◆ **Goal of the exercise**:
Only one stretch of the data below is needed: the line with "Sample output, numbers" through the last line. Output it exactly and drop the pictures.
Records shown section start
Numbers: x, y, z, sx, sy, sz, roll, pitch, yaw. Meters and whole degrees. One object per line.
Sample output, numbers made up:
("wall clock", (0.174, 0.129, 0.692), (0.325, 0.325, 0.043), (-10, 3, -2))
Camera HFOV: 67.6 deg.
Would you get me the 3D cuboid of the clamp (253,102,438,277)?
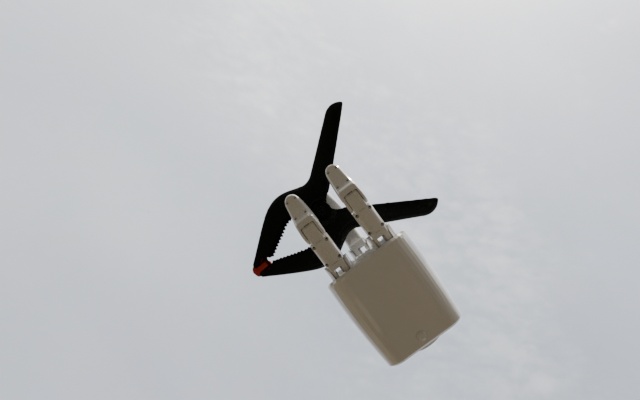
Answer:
Records shown section end
◆ **Output below**:
Sample output, numbers made up:
("wall clock", (0.174, 0.129, 0.692), (0.325, 0.325, 0.043), (-10, 3, -2))
Camera HFOV: 67.6 deg.
Would you get me the 3D cuboid of the clamp (253,102,438,277)?
Answer:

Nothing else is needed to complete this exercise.